Well, if you can, crack open a "hardware" firewall like a Cisco PIX. You will recognize a LOT of what is in there and you will be very surprised. I have hardware in quotes because the only real differentiator is that PCs have hard drives for storage, these unit dont. Yes, some will have special ASICs for packet forwarding and some will have crypto accelerators.... But if you are talking about under 100Mb/s of throughput your server below can do that and it doesnt need ASICs for forwarding, and if you need some sort of crypto acceleration, you can add one for about $75 to offload much of the crypto calcs. However, thats only useful if you plan to terminate a whack of IPSEC sessions, or use something that does a lot of crypto calcs. (see www.soekris.com)

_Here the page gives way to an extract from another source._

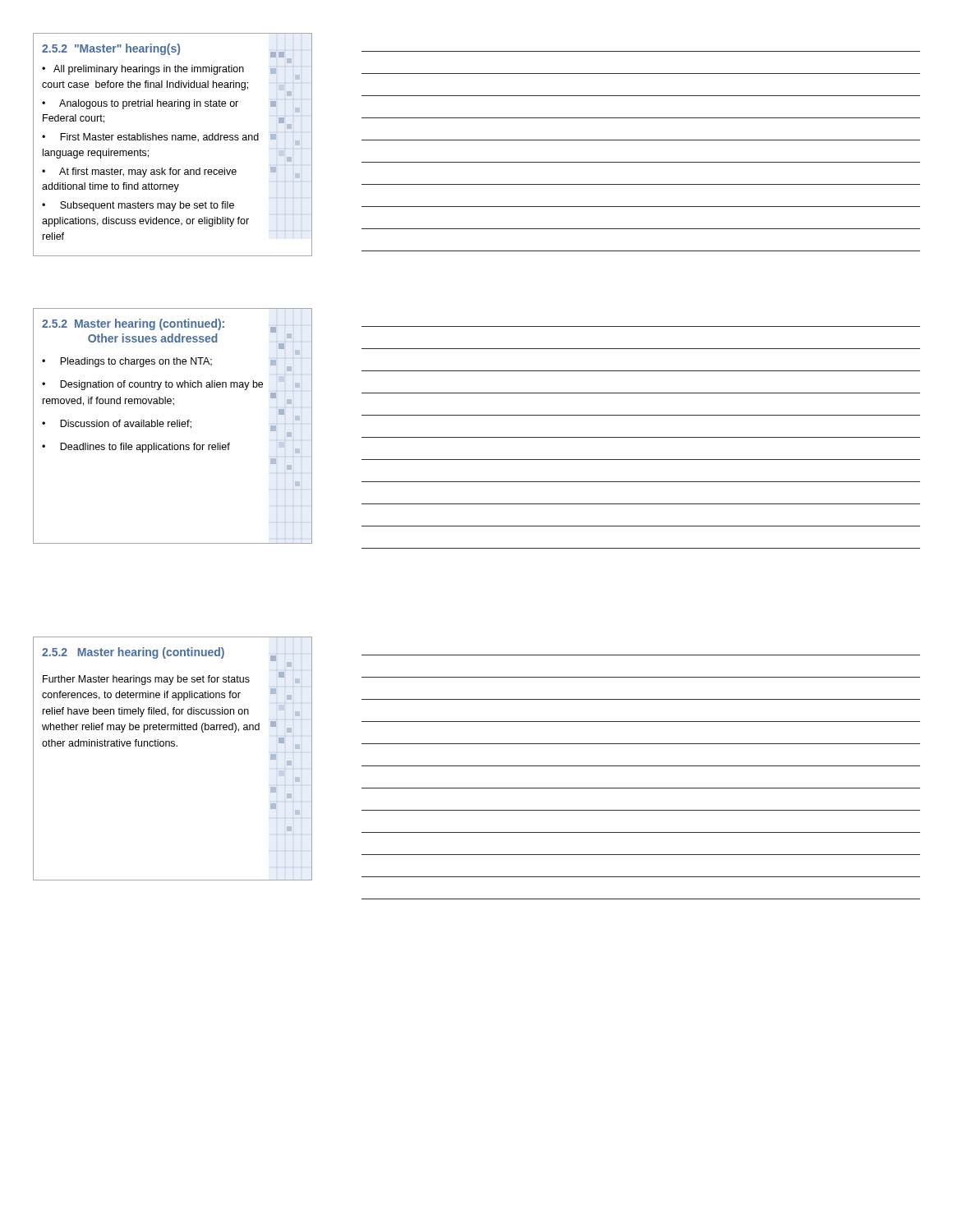Screen dimensions: 1232x953
Task: Navigate to the passage starting "2.5.2 "Master" hearing(s) • All preliminary hearings in"
Action: tap(172, 145)

If you take a look around via google on the ipfilter list there are some very large sites using boxes with less power than whats below. The main things that the "hardware" units give you is better software interface and when you look at something like Checkpoint, better tweaked proxy modules (in some cases) and better fall over features. Another big thing these units offer is the potential for formal support. Some organizations do not have the time nor experience to look through and participate on mailing lists. So your organization's concerns below are certainly valid. Ongoing support / care and feeding issues of your firewall (be that FreeBSD or off the shelf appliance) are a critical component in the decision making process.
At 03:03 PM 05/09/2003 -0500, Redmond Militante wrote:
i have an ipfilter/ipnat box, that i'm using to protect an apache webserver.
the machine is 4.7-RELEASE-p3 FreeBSD 4.7-RELEASE-p3 #1: Mon Aug 11 18:27:06 CDT
2003. the machine is a dell optiplex gx260 Intel(R) Pentium(R) 4 CPU 2.40GHz
512 mb of ram. it's been doing a fine job.
i'd like to get extra nics for this machine and stick additional servers, such as our win2k domain controllers, and a mysql box, possibly more, behind the firewall/nat.
i wanted to ask - for a firewall/nat that would potentially be protecting multiple production machines, is ipfilter's performance comparable to production firewall appliances and software such as netscreen and symantec firewall?
i'm the only unix person where i work, and sometimes it's hard to get projects green lighted when a) i'm the only one on staff who knows the technology and b) it probably seems hard to believe to windows admins that a little pentium3 box with 2 nic cards and hand written firewall rules can do the same thing as an appliance that some companies are charging tens of thousands of dollars for.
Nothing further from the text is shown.